And because the topic of "creating a financial plan" is a huge thing, we have appropriately written a huge article about it. We have kept it short and snappy, but a shorter article would have only told you half the truth. This includes answers to questions such as "What belongs in a financial plan?" or "How detailed should a financial plan be?". In addition, our essay includes a detailed step-by-step guide on how to create a financial plan. Because that would not have told everything, we finally show you some tools that provide you with the best support for your financial planning - all to find on OMR Reviews.
Recommended financial planning software
On our comparison platform OMR Reviews you can find more recommended financial planning software. There we have listed over 50 cash flow management software for small and medium-sized companies, start-ups and large corporations that support you in all areas of monitoring cash flows in your company. So take a look and compare the software with the help of authentic and verified user reviews:
What does financial planning mean?
The definition of a financial plan describes the document as part of the business plan. This is essential if you want to have a loan or convince investors. But do not fall victim to the fallacy that business and financial planning are only intended for others. On the contrary: both plans are a good opportunity for you to have numbers, data and facts to determine whether your undertaking is hand and foot.

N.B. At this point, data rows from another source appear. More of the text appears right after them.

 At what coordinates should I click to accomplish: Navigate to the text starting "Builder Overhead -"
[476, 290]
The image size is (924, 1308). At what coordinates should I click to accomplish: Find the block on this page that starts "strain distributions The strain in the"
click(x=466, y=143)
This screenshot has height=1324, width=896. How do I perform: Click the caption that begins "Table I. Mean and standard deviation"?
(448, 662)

In addition, both plans accompany you at least in the first years and function as a red thread along which you can set up your business.
In detail, financial planning consists of several sub-plans as well as forecasts and analyzes. The basic financial plan is created before the foundation of your company. This financial planning is created for the first three years, with the first year being seen per month. However, after the foundation it is important to keep your financial planning always in sight and to adapt to changes - positive as negative.

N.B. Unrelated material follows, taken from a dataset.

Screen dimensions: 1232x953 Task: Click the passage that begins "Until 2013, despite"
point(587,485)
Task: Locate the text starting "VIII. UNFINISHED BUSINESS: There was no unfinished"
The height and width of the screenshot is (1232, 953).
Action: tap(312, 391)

Very important is our following tip: Do not take your financial planning lightly. It must contain solid data and plausible explanations.
What all belongs to the preparation of a financial plan?
We hinted at the beginning that a financial plan has little to do with an income-expenditure calculation. Much more, financial planning for founders consists of several sub-plans.
- Revenue plan
- Cost plan
- Investment plan
- Profitability plan
- Capital requirement and financing plan
- Liquidity plan
In the same order, your financial plan also builds up. Accordingly, the individual steps in our financial planning guide and the free financial plan template are structured. However, do not see the individual sub-plans as individual components, but as a bundle, which in total gives your financial planning. The sub-plans only make sense to third parties together.
Revenue plan
Everything starts with the revenue plan. From it emerges which prices you charge for your products and which quantities you forecast to implement. The revenue plan is your foundation. If it crumbles, you will likely have problems in the other sub-plans.
Cost plan
In the cost plan you keep your expenses, which regularly occur. Accordingly, this sub-plan has an impact on the investments, the profitability of your company and the capital requirements.
Investment plan
Basically, a company is most expensive at the beginning. Logical. After all, all purchases have to be invested, for example. You store these and other investments in the investment plan.
Profitability plan
The planned revenues are combined in the profitability plan with your costs and investments. The result is when your company is expected to bear fruit.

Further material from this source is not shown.